Problem statement:
Repeat the first line of the listing and each line after it, exactly, through the line containing "Your answer should be very brief. Yes.".

_ _ _ _

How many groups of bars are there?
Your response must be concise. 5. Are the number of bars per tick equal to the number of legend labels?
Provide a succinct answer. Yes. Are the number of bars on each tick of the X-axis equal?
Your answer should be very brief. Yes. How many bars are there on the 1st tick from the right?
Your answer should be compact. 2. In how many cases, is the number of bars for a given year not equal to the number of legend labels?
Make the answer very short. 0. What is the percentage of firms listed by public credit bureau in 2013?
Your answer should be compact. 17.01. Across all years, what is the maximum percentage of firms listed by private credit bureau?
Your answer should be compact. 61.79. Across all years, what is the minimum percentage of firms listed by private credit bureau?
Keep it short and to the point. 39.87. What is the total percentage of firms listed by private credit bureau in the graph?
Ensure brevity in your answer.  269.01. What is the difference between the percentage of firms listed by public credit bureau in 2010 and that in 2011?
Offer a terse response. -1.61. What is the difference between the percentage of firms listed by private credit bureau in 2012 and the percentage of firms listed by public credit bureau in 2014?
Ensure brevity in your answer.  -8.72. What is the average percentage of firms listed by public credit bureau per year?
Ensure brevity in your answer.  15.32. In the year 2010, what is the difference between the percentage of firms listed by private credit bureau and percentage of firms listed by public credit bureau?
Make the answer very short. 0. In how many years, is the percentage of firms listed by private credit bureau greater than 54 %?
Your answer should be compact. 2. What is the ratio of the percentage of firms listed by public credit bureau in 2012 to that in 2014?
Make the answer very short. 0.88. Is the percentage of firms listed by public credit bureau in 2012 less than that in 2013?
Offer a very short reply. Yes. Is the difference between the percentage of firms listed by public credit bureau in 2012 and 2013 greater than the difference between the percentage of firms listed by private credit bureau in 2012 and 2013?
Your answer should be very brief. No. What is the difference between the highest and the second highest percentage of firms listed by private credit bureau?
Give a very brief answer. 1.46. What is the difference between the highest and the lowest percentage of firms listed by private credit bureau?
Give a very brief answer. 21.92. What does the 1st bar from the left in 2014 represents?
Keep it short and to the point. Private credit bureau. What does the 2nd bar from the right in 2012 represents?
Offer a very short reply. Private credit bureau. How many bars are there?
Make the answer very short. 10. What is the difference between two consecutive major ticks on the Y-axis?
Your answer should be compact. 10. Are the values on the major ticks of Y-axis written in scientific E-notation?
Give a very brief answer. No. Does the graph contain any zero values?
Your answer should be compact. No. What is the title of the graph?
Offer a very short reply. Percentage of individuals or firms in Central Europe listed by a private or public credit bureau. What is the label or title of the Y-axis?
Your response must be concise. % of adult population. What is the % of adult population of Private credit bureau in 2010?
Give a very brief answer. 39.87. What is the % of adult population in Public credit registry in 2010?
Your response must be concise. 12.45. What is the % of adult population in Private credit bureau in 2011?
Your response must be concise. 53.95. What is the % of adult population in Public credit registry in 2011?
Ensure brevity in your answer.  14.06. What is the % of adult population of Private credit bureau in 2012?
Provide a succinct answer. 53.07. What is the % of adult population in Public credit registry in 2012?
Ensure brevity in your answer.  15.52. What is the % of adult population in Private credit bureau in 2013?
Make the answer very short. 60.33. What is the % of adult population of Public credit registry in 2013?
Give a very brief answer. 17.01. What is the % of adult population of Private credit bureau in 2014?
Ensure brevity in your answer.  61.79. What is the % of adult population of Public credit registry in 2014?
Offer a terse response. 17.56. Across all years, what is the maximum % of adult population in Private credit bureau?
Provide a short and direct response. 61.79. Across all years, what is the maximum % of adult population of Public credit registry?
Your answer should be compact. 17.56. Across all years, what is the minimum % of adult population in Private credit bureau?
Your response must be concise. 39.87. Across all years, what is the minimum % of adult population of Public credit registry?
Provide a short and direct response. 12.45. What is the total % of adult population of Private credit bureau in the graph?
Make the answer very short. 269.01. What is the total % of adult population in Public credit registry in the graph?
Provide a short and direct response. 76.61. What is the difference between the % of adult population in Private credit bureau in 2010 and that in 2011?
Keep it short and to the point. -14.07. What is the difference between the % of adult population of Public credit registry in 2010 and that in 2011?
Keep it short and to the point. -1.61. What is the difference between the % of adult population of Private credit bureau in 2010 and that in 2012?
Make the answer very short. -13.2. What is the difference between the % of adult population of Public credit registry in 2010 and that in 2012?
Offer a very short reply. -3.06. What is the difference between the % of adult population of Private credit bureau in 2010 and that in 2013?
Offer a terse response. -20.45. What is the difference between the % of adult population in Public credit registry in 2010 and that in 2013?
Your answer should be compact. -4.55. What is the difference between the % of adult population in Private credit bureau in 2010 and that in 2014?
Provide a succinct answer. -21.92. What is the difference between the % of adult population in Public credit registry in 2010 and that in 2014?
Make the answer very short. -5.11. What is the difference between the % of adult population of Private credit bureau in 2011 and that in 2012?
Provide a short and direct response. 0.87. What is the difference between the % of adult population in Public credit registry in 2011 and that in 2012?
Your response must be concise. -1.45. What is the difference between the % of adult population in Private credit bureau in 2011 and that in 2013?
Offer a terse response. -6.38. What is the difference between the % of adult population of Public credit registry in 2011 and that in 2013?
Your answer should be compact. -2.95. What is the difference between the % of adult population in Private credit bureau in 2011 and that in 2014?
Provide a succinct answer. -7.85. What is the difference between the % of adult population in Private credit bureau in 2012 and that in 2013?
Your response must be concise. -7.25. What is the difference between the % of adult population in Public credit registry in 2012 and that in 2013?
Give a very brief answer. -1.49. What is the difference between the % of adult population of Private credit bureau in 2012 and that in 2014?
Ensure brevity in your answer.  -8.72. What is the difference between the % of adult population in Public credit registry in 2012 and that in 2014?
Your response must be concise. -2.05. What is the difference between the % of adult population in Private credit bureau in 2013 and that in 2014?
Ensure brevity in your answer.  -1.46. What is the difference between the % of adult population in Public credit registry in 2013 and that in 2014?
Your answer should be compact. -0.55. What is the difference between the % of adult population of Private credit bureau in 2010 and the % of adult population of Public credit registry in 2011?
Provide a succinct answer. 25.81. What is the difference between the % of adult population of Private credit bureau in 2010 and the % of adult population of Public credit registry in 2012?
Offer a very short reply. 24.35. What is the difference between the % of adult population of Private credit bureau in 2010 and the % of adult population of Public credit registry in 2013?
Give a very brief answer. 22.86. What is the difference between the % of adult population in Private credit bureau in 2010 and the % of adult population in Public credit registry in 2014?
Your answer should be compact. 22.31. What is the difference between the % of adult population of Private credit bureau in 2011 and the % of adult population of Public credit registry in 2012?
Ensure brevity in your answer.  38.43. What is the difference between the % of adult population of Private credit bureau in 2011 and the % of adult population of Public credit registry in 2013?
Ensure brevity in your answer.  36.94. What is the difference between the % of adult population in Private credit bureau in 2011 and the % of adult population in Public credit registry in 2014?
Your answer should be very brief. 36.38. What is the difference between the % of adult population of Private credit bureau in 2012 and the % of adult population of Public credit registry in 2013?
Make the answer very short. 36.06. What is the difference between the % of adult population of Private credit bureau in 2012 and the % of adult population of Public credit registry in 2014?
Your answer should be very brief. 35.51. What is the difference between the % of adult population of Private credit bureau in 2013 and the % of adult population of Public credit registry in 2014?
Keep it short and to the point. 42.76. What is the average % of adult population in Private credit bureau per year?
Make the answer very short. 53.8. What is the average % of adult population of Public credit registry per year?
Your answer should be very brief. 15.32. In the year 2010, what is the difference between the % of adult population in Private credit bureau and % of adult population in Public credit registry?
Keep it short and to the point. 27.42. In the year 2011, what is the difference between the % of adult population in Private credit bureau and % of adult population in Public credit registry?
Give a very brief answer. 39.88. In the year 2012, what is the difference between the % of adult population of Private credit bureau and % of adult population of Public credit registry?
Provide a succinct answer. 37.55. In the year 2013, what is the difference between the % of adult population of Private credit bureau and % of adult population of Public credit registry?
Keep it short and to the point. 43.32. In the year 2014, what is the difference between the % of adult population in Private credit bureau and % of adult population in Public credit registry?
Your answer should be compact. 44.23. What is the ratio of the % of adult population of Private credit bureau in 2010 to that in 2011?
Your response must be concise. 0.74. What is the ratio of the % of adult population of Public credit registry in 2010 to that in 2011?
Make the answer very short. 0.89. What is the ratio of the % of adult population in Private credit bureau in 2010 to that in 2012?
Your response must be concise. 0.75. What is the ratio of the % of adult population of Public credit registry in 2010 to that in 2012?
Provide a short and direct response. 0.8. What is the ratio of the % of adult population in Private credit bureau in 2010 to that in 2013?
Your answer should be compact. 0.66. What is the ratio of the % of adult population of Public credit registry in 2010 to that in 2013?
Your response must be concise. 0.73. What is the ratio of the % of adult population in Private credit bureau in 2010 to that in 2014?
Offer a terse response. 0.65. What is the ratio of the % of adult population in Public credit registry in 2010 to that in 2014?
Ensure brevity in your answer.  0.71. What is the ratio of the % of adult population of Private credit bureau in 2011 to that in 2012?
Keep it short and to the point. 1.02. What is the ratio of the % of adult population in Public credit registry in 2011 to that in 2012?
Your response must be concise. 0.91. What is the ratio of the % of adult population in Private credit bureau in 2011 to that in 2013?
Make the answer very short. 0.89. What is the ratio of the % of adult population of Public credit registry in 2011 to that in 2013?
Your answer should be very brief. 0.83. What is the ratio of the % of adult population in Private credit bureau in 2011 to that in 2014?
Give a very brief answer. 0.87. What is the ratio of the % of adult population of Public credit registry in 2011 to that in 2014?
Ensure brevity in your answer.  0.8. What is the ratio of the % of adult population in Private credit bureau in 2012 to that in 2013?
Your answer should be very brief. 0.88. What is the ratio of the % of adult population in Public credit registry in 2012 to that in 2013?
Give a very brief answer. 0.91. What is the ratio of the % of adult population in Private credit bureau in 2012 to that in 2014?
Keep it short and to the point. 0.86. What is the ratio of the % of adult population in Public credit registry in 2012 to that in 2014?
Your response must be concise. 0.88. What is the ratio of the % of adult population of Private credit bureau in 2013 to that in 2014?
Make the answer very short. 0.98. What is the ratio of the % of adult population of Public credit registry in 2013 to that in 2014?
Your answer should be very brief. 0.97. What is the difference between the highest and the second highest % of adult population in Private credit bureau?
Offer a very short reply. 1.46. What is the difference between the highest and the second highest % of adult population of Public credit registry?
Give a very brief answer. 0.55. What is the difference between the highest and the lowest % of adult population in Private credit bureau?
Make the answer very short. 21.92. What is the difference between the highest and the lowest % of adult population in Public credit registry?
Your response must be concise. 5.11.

_ _ _ _

Reply to the exercise:
How many groups of bars are there?
Your response must be concise. 5. Are the number of bars per tick equal to the number of legend labels?
Provide a succinct answer. Yes. Are the number of bars on each tick of the X-axis equal?
Your answer should be very brief. Yes. How many bars are there on the 1st tick from the right?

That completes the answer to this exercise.